According to the recommendations of the alert system:
- Level 5: only essential services can operate.
- Tier 4: This allows retail food stores to sell a full line of their products, open pit mines to operate at full capacity and other mines at only 50% capacity, formal waste recycling, and fiber optic and IT services between those who can operate.
- Tier 3: At this stage, more companies can operate, including clothing sales. Domestic air travel is introduced with restricted flights, the passenger railway can operate, but with a restricted level of passengers. Liquor retail is allowed within restricted time frames and take-out and online food delivery are allowed.
- Level 2: Fully restored national air transport, including car rental. Movement between provinces with level 1 and level 2 restrictions is allowed. All mines can operate at 100% of their capacity.
- Level 1: All sectors are fully operational, movement is allowed in all provinces, international travel is limited.
When it comes to lifting restrictions in different sectors of the economy, the document states that this will be determined by the risk of transmission within the sector, the impact of the blockade in terms of reductions, company failures and loss of market shares. international, as well as its contribution to the economy.
“Sectors with a high risk of transmission should not be allowed to resume activity until this risk is reduced, regardless of the potential impact on their sector or its value to the economy,” he said.
Based on its evaluations, the document shows that there is an increased risk of transmission in the aviation industry, recreational, cultural and sports activities and hotels and restaurants.

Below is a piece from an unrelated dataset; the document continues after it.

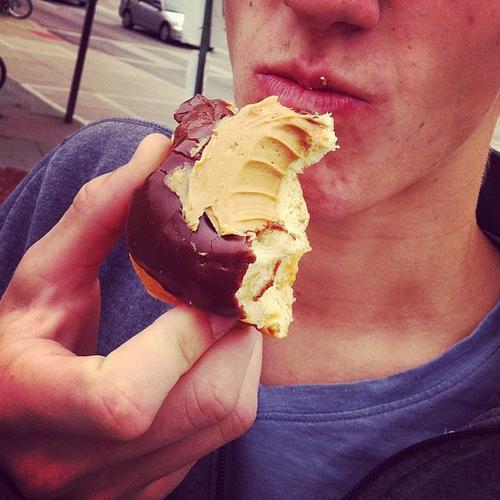How many people are eating?
Give a very brief answer. 1. How many fingers are shown?
Give a very brief answer. 4. How many sign post can be seen?
Give a very brief answer. 2.

The chief economist at the Bureau of Economic Research, Hugo Pienaar, previously said that, according to Ramaphosa’s announcement of Covid-19’s aid measures, it appeared that the government might be thinking of a slow process of opening up the economy. The sectors that could be “the last to open on the list” would be mainly those that require large gatherings, such as sporting events, bars or theaters, he said.
Their comments were in line with the document’s proposal that whether or not to impose a continuous national blockade, restrictions on sitting hotels and restaurants, bars and shebeens, conference and convention centers, sporting events, cinemas, theaters and concerts, as well as Religious and social gatherings will remain in place somehow.
Work from home
The discussion paper advised that, in the meantime, industries adopt a work-from-home strategy whenever possible. Workers over the age of 60 and those with one or more medical conditions identified by the health department should also be allowed to work from home, or remain on leave with full pay.
Employers will also have to establish new protocols in the workplace to screen employees daily for Covid-19 symptoms. Strict measures of social distancing must be observed and, when this is not possible, facial masks must be worn. Employers must also provide hand sanitizer and soap washing facilities.
Each sector should agree a Covid-19 prevention and mitigation plan with the minister of employment and labor, and the minister of health and any other relevant minister.